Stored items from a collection
⟨
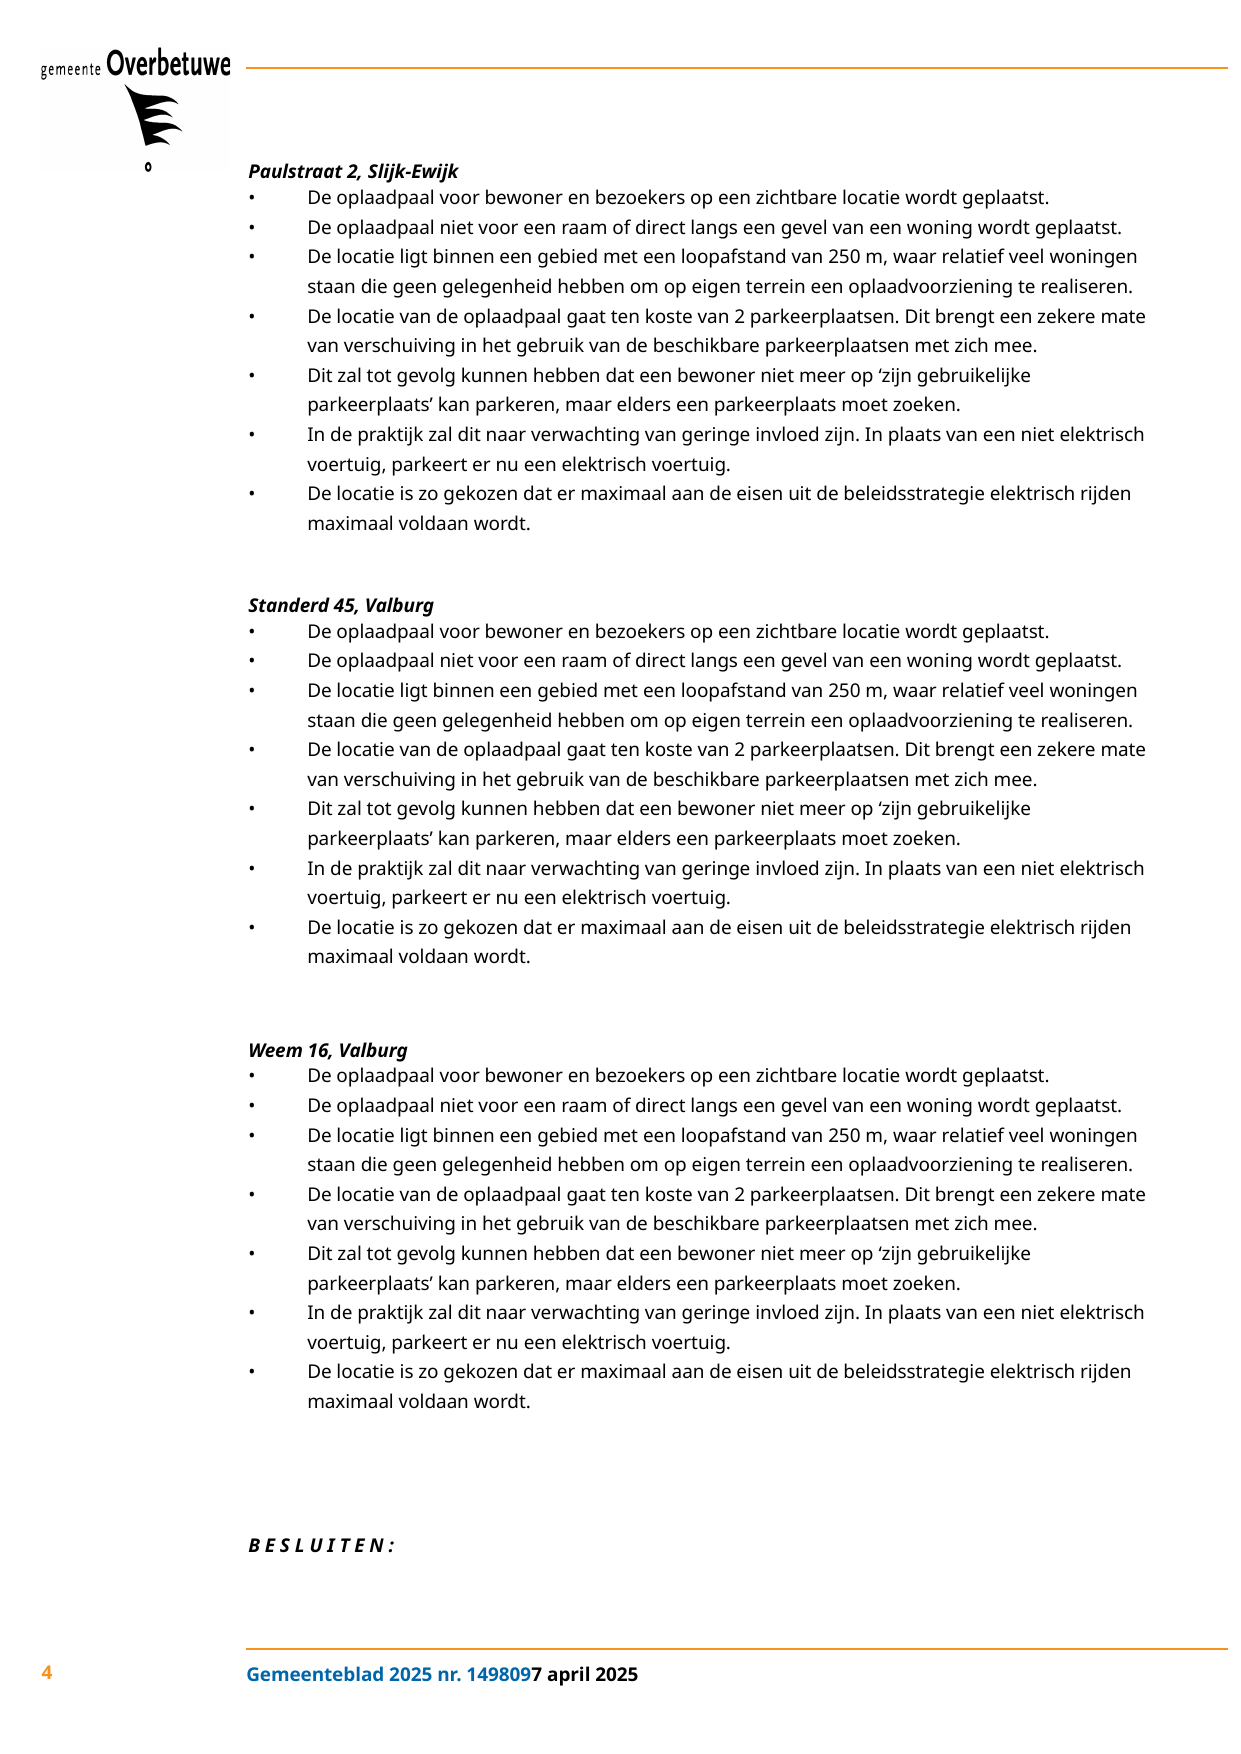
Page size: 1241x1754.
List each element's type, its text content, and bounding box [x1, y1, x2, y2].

list De oplaadpaal niet voor een raam of direct langs een gevel van een woning wordt geplaatst. [248, 214, 1152, 240]
list De locatie ligt binnen een gebied met een loopafstand van 250 m, waar relatief veel woningen staan die geen gelegenheid hebben om op eigen terrein een oplaadvoorziening te realiseren. [248, 677, 1152, 732]
list De locatie ligt binnen een gebied met een loopafstand van 250 m, waar relatief veel woningen staan die geen gelegenheid hebben om op eigen terrein een oplaadvoorziening te realiseren. [248, 1122, 1152, 1177]
list Dit zal tot gevolg kunnen hebben dat een bewoner niet meer op ‘zijn gebruikelijke parkeerplaats’ kan parkeren, maar elders een parkeerplaats moet zoeken. [248, 1240, 1152, 1296]
list De locatie is zo gekozen dat er maximaal aan de eisen uit de beleidsstrategie elektrisch rijden maximaal voldaan wordt. [248, 480, 1152, 536]
list De locatie is zo gekozen dat er maximaal aan de eisen uit de beleidsstrategie elektrisch rijden maximaal voldaan wordt. [248, 1358, 1152, 1414]
list Dit zal tot gevolg kunnen hebben dat een bewoner niet meer op ‘zijn gebruikelijke parkeerplaats’ kan parkeren, maar elders een parkeerplaats moet zoeken. [248, 362, 1152, 417]
text Standerd 45, Valburg [248, 592, 1152, 618]
list Dit zal tot gevolg kunnen hebben dat een bewoner niet meer op ‘zijn gebruikelijke parkeerplaats’ kan parkeren, maar elders een parkeerplaats moet zoeken. [248, 796, 1152, 851]
text Paulstraat 2, Slijk-Ewijk [248, 159, 1152, 184]
text B E S L U I T E N : [248, 1532, 1152, 1558]
list De locatie van de oplaadpaal gaat ten koste van 2 parkeerplaatsen. Dit brengt een zekere mate van verschuiving in het gebruik van de beschikbare parkeerplaatsen met zich mee. [248, 303, 1152, 358]
list De oplaadpaal voor bewoner en bezoekers op een zichtbare locatie wordt geplaatst. [248, 184, 1152, 210]
list De locatie ligt binnen een gebied met een loopafstand van 250 m, waar relatief veel woningen staan die geen gelegenheid hebben om op eigen terrein een oplaadvoorziening te realiseren. [248, 244, 1152, 299]
picture [41, 47, 231, 172]
list In de praktijk zal dit naar verwachting van geringe invloed zijn. In plaats van een niet elektrisch voertuig, parkeert er nu een elektrisch voertuig. [248, 1299, 1152, 1355]
list In de praktijk zal dit naar verwachting van geringe invloed zijn. In plaats van een niet elektrisch voertuig, parkeert er nu een elektrisch voertuig. [248, 421, 1152, 476]
text Weem 16, Valburg [248, 1037, 1152, 1063]
list De locatie van de oplaadpaal gaat ten koste van 2 parkeerplaatsen. Dit brengt een zekere mate van verschuiving in het gebruik van de beschikbare parkeerplaatsen met zich mee. [248, 1181, 1152, 1236]
list De oplaadpaal niet voor een raam of direct langs een gevel van een woning wordt geplaatst. [248, 648, 1152, 673]
list De oplaadpaal niet voor een raam of direct langs een gevel van een woning wordt geplaatst. [248, 1092, 1152, 1118]
list De locatie van de oplaadpaal gaat ten koste van 2 parkeerplaatsen. Dit brengt een zekere mate van verschuiving in het gebruik van de beschikbare parkeerplaatsen met zich mee. [248, 736, 1152, 792]
list De locatie is zo gekozen dat er maximaal aan de eisen uit de beleidsstrategie elektrisch rijden maximaal voldaan wordt. [248, 914, 1152, 969]
list De oplaadpaal voor bewoner en bezoekers op een zichtbare locatie wordt geplaatst. [248, 1063, 1152, 1088]
list De oplaadpaal voor bewoner en bezoekers op een zichtbare locatie wordt geplaatst. [248, 618, 1152, 644]
list In de praktijk zal dit naar verwachting van geringe invloed zijn. In plaats van een niet elektrisch voertuig, parkeert er nu een elektrisch voertuig. [248, 855, 1152, 910]
⟩
### Exercise:
Both the line containing "303, 1152, 358]" and the line containing "text Weem 16, Valburg [248, 1037, 1152, 1063]" belong in the answer. Print them and every line above that falls between them exactly, and no others.

### Task response:
list De locatie van de oplaadpaal gaat ten koste van 2 parkeerplaatsen. Dit brengt een zekere mate van verschuiving in het gebruik van de beschikbare parkeerplaatsen met zich mee. [248, 303, 1152, 358]
list De oplaadpaal voor bewoner en bezoekers op een zichtbare locatie wordt geplaatst. [248, 184, 1152, 210]
list De locatie ligt binnen een gebied met een loopafstand van 250 m, waar relatief veel woningen staan die geen gelegenheid hebben om op eigen terrein een oplaadvoorziening te realiseren. [248, 244, 1152, 299]
picture [41, 47, 231, 172]
list In de praktijk zal dit naar verwachting van geringe invloed zijn. In plaats van een niet elektrisch voertuig, parkeert er nu een elektrisch voertuig. [248, 1299, 1152, 1355]
list In de praktijk zal dit naar verwachting van geringe invloed zijn. In plaats van een niet elektrisch voertuig, parkeert er nu een elektrisch voertuig. [248, 421, 1152, 476]
text Weem 16, Valburg [248, 1037, 1152, 1063]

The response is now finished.